Sharing ontologies in the semantic web world from Chris Catton on 2004-01-15 (www-rdf-interest@w3.org from January 2004)

From: Chris Catton <chris.catton@zoology.oxford.ac.uk>
Date: Thu, 15 Jan 2004 12:38:27 -0000
To: <www-rdf-interest@w3.org>
Message-ID: <002801c3db64$79781030$97184381@chios>
Hi;
Several threads over the past weeks have addressed the issue of sharing
ontologies in one way or another - most recently the subject-less thread
started by Jeroen Budts

This is related to some stuff I've been thinking about for a few weeks -
I'd be interested in feedback. 

An ontology is supposed to be a 'shared conceptualisation'.
Traditionally though, ontologies have been built by a few domain experts
and programmers, or through a long-drawn-out process of collaboration on
mailing lists.  This has usually been adequate for 'in-house' ontologies
and 'proof-of-concept' ontologies like FOAF, but I think we are starting
to see issues that arise from building ontologies in this way for the
wider community. One obvious problem is that if the only way to change
an ontology is to email the owner, the change process does not scale
well :-)

I'm wondering whether it is possible and/or better to build an ontology
by collaboration rather than 'survival of the fittest'.  My reason for
suggesting it is that I think there is a difference between tools (where
natural selection works well) and ontologies - a difference that is
something to do with granularity. Two tools may do basically the same
thing, and I chose which to use based on its feature set, reliability
etc.  I may even use both if I have to, but cost and effort mean I will
probably try and avoid it. It's much easier with ontologies I can take a
subgraph from here, a subgraph from there, etc.  However I contend that
this is not necessarily a good thing in that it is a) more work and b)
does not allow us to discriminate between the useful and the useless.  A
huge ontology might only contain a small subgraph that is actively
referenced by the community - how 'fit' is it in the competitive
landscape?  It seems to me that this is important at this stage of
development of the semantic web, where a lot of the ontologies out there
are a rather nasty mix of information about people, projects,
institutions, publication-related stuff, units and a little bit of
domain-specific information.

So what would be required to co-operate on ontology building?  First,
any tools should be intuitive enough to accept input from domain
experts, which probably means a GUI. It's possible to imagine a user
interface where people could select the properties they wanted to
display, and then generate an svg file to display them.  The user could
then create a new class, select from a list of properties, click on the
parent.  I guess what I'm describing is a very simplified online version
of oiled or protege ...
 
The more difficult questions follow from this.  How do we maintain a
co-operatively developed ontology in the face of such dynamic change?
Most ontologies at the moment are centrally controlled - which sits
uncomfortably with the idea of a shared conceptualisation.  But allowing
anyone to change an ontology any way they like is not an appropriate
solution either since there is no guarantee that my view of the world is
shared by anyone else (in fact most of the evidence says it isn't :-)  

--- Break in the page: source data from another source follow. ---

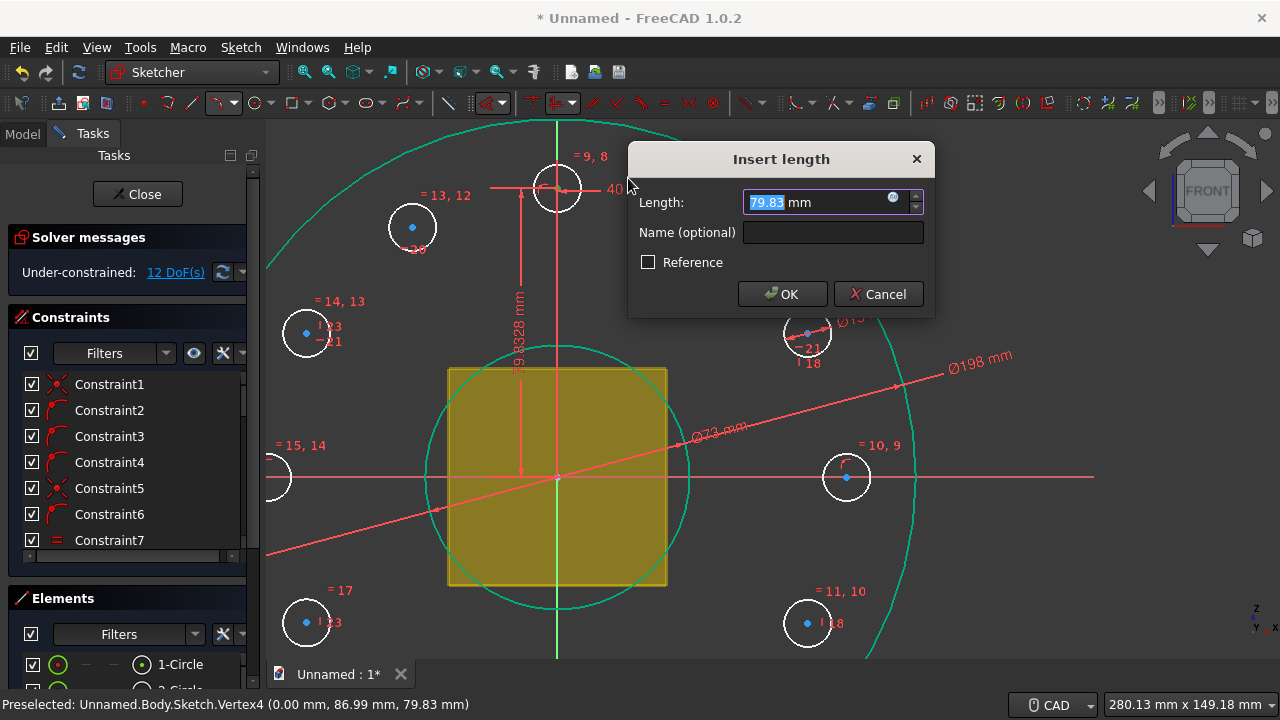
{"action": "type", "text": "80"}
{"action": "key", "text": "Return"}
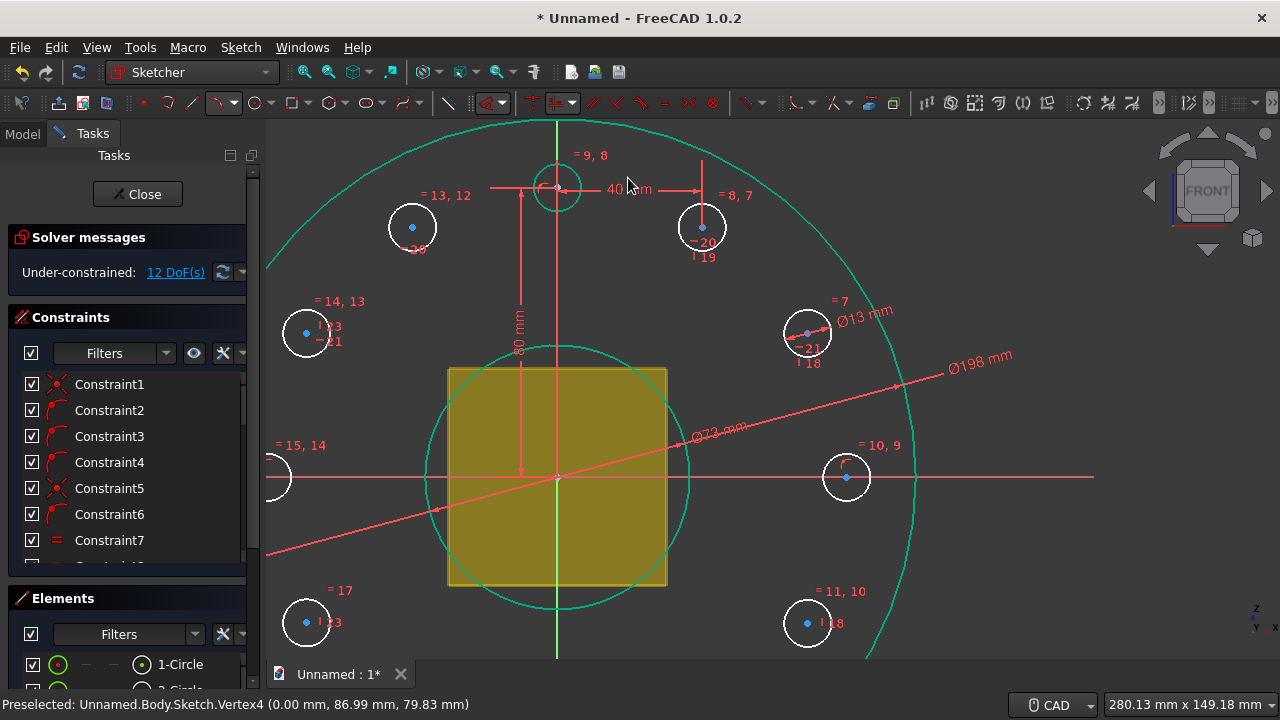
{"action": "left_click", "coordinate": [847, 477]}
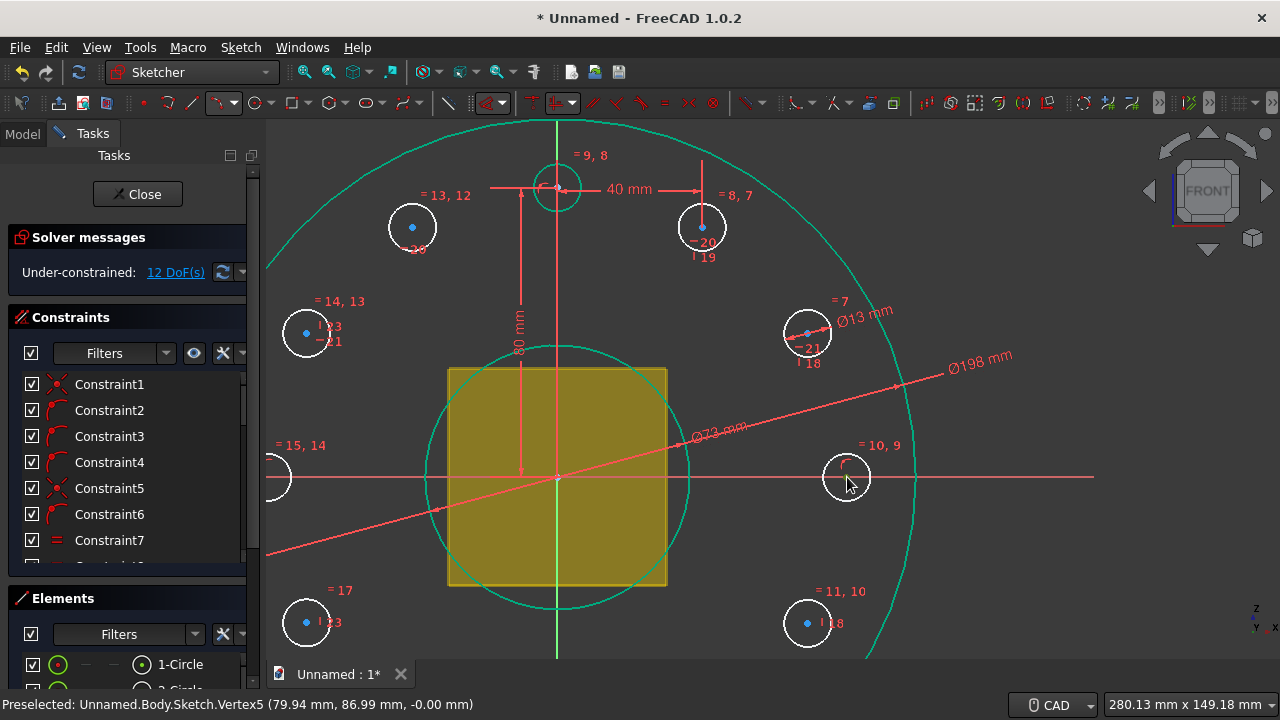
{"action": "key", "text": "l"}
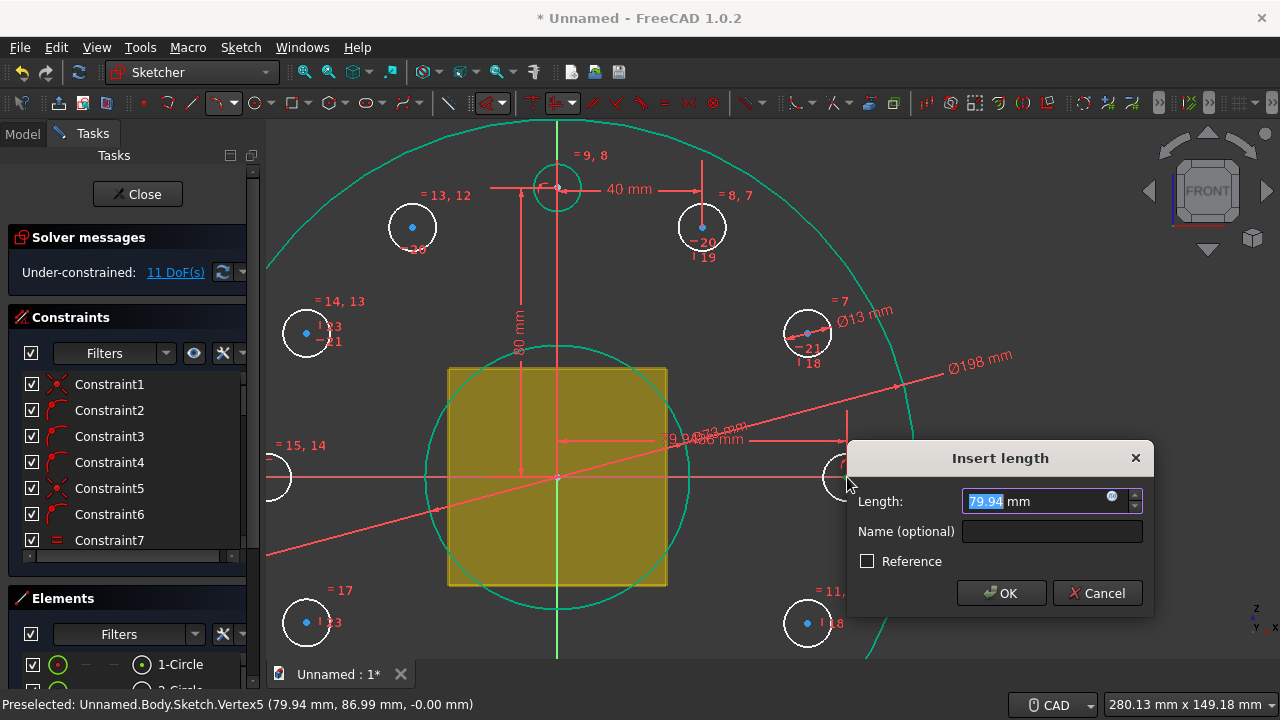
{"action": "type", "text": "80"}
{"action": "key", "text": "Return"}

What if we divide the world into users (domain experts) and developers
(ontology experts)? You would have users suggesting changes and ontology
developers voting for concepts and relations.  Users may acquire voting
rights on a model similar to the apache development model
http://httpd.apache.org/dev/guidelines.html 

How might this work in practice? Imagine a GUI where users can make
statements about classes and properties.  These might include 
  1. "this is not a valid concept and should be deleted."
  2. "this is not a subclass of that and should be moved to another
parent."
  and a rather different sort of comment  
  3. "To be a tree, a plant must reach a height at maturity of at least
3 meters"

In cases 1&2, the decision is a simple yes or no.  The advantage of
shared development is that if the 'owner' is away on sabbatical for 6
months evolution of the ontology can continue.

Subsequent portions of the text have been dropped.